UFC fans are as attune to their fighters skill sets, which includes everything from wrestling techniques to Ju-Jitsu to classic power punchers, as boxing fans are of their fighters. Some of the more slightly nauseating moves, such as the arm bar – the bending back of the forearm at the elbow that when locked in most often leads to a tap out – are, in fairness, no less violent than, say, a perfectly placed right hand to the temple from a murderous puncher like Thomas Hearns.

Unfortunately, for non-fans of the sport, many of the matches begin and end in grappling and jockeying for position. There are fighters more akin to straight up fighting like Andrew Silva, the middleweight champion, whose style is referred to as a striker. But it is the fights that usually end up on the mat that turn off boxing fans who wave off the UFC as inconsequential. These matches can become as tedious as two defensive minded boxers fencing each other for 12 rounds. But wrestling fans, as in college wrestling, enjoy the nuances going on when the battle reduces to the floor. Dana White monitors these bouts closely and if he is disappointed or senses that the audience is disappointed he has been known to punish the fighters by excluding them from future pay-per-view events. White’s motto is basically, “You don’t earn your money by providing excitement then go back to the end of the line.” If only boxing could have done that with John Ruiz.

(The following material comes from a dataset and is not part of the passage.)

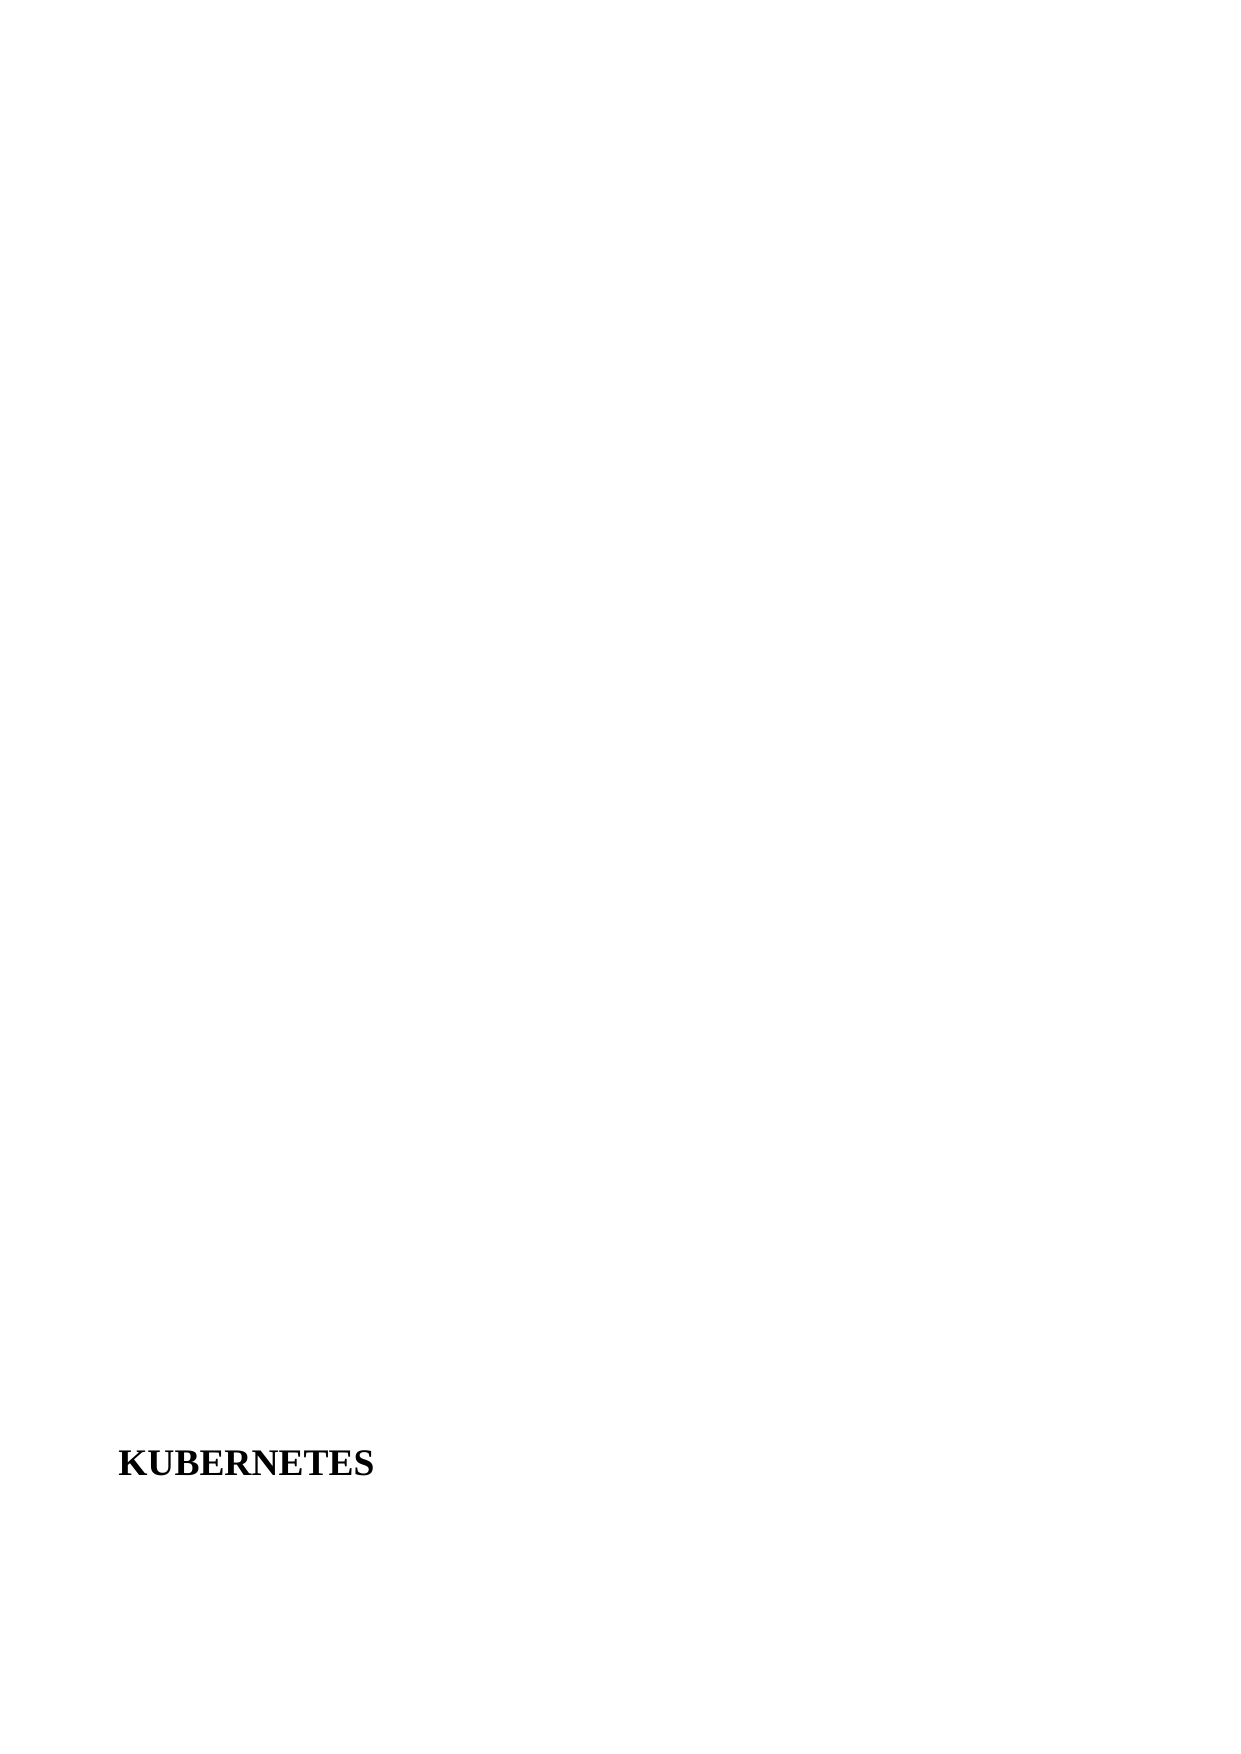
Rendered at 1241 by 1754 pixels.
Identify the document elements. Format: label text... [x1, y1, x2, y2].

subtitle KUBERNETES [118, 1441, 1122, 1484]

Although there are several popular fighters there does seem to be a dearth of talent in a sport defined by five weight classes – lightweight (155), welterweight (170), middleweight (185), light heavyweight (205) and heavyweight (265). How else to explain the recent pay-per-view that I watched between heavyweight king Randy Couture, 18-6 and his upstart challenger Brock Lesnar, a recent addition to the UFC fold who entered his first championship contest with a paltry record of 2-1?

Still, the audience for the UFC isn’t interested in records, as many boxing fans remain. In boxing the over-estimation of an undefeated record has become a strangely important credential for fighters, particularly young up-and-comers. Most UFC fighters, from champions to contenders, have multiple losses on their record, but as long as they produce in the octagon neither Dana White nor the fans could care less.

I took in the Couture – Lesnar fight at Coop’s Bar & Grille, a local establishment in Quincy, Massachusetts with my friend Cazie. Coop’s runs all of the UFC pay-per-views and Spike TVs free bouts on multiple flat screen televisions and it has become a cash cow for the bar’s owner Mario Recupero.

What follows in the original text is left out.